### WHAT THE TASK REQUIRES
Which lines of the data include the string "whole"? List them all.

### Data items
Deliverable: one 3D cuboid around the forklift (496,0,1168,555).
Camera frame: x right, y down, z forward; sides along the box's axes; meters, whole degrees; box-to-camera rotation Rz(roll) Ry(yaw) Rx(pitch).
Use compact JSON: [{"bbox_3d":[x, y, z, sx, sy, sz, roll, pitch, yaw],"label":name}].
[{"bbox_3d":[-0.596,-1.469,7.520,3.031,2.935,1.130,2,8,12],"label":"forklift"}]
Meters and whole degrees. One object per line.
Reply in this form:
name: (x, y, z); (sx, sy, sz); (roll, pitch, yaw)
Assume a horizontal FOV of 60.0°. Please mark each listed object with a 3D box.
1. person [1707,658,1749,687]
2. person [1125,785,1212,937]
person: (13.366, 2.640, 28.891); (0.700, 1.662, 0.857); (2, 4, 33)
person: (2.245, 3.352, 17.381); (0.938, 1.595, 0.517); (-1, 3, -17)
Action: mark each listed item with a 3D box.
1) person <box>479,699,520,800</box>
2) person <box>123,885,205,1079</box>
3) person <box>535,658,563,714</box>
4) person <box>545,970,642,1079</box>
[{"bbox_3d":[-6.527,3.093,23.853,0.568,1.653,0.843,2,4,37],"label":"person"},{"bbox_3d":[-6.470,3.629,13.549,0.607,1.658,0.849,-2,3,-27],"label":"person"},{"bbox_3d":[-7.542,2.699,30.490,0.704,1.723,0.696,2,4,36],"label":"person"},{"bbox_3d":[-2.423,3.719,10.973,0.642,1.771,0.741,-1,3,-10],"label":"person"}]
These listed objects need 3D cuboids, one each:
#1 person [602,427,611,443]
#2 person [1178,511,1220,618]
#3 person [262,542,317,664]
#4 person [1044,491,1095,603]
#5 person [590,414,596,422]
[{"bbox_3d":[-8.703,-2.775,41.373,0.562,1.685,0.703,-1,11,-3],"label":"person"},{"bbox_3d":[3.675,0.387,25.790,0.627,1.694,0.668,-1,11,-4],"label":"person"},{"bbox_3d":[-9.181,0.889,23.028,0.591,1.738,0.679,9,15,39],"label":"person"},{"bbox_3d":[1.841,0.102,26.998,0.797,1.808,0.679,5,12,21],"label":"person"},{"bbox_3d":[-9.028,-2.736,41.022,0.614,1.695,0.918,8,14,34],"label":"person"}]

### RESPONSE AREA
Camera frame: x right, y down, z forward; sides along the box's axes; meters, whole degrees; box-to-camera rotation Rz(roll) Ry(yaw) Rx(pitch).
Meters and whole degrees. One object per line.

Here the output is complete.